Scared of the stock market? It could be a good time to dip into corporate bonds.

More than a few economists and strategists have pointed that out in the last couple of days, as spreads widen to record levels. Today, Citigroup's Steven Wieting says in a note that the cost of corporate credit, and therefore investor returns, have probably eclipsed long-term stock market returns on a risk-adjusted basis.

"In our view, corporate debt markets that looked very rich relative to equities in early 2007 have "blown right past" equities in their recent declines, on a risk-adjusted basis," he writes.

Also today, Michael Darda, chief economist at MKM Partners, made a tactical call to go long investment and high-yield credit.

"While we remain very negative on the growth outlook, we believe it has been fully priced into corporate credit markets," he wrote. Darda also points out that investment grade bonds are yielding more than 500 basis points over Treasurys, the most since 1933, while high-yield spreads are 1421 bps over Treasurys, the highest level ever.

Bank of America's Jeffrey Rosenberg moved to overweight high-yield last week. Investors should beware that high-yield instruments command a high yield because they are the riskiest, lower quality credits.

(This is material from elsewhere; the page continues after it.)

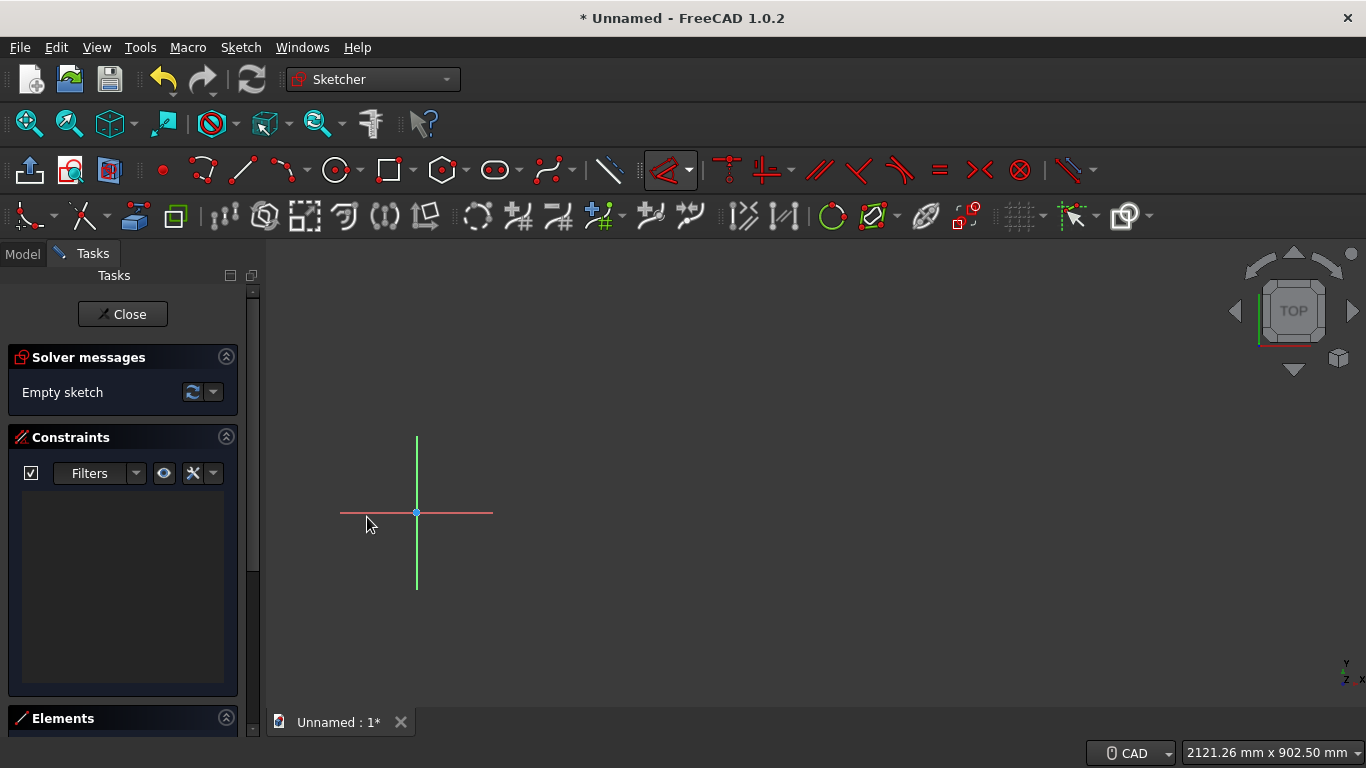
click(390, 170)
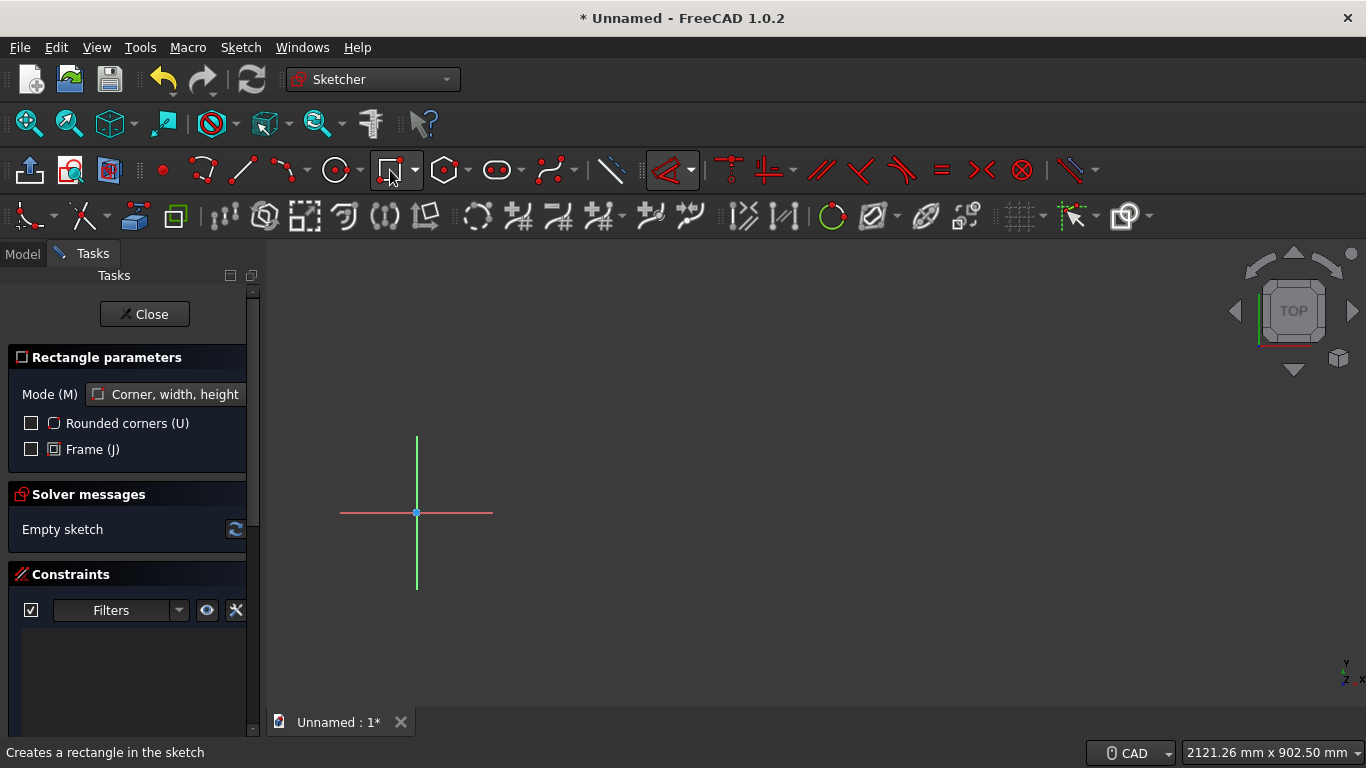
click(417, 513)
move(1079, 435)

Wieting writes that he doesn't think the stock market has necessarily bottomed. He said credit markets have become too cheap and could ultimately return to more normal conditions. If that's the case then stocks would benefit, but not as much as credit. Actions by the policy makers to break the credit crunch improved the case for that scenario.

Darda says he does not expect spreads, or the economy, to return to normal soon, but even so there could be significant gains for investment grade and high yield credits if the recent improvement in the short-term funding markets holds.

"We are assuming forward earnings estimates for the S&P 500 are about 25 percent too high, but the current level of equity prices appears to have taken this into account (based on a stringent earnings yield/corporate bond yield comparison). However, we will need to see the corporate bond market improve for stocks to move higher on a sustained basis. If our call on investment grade and high-yield credit works out, the backdrop for equities would improve," Darda wrote.

Darda also notes that because he does not believe credit spreads will return to normal any time soon, the upside in risk assets may be limited. But he says the opportunities in credit are probably better than equities for now. "Stocks typically bottom 3-6 months before the economy and we see no prospects for an economic recovery until the second half of 2009 at the earliest," he wrote.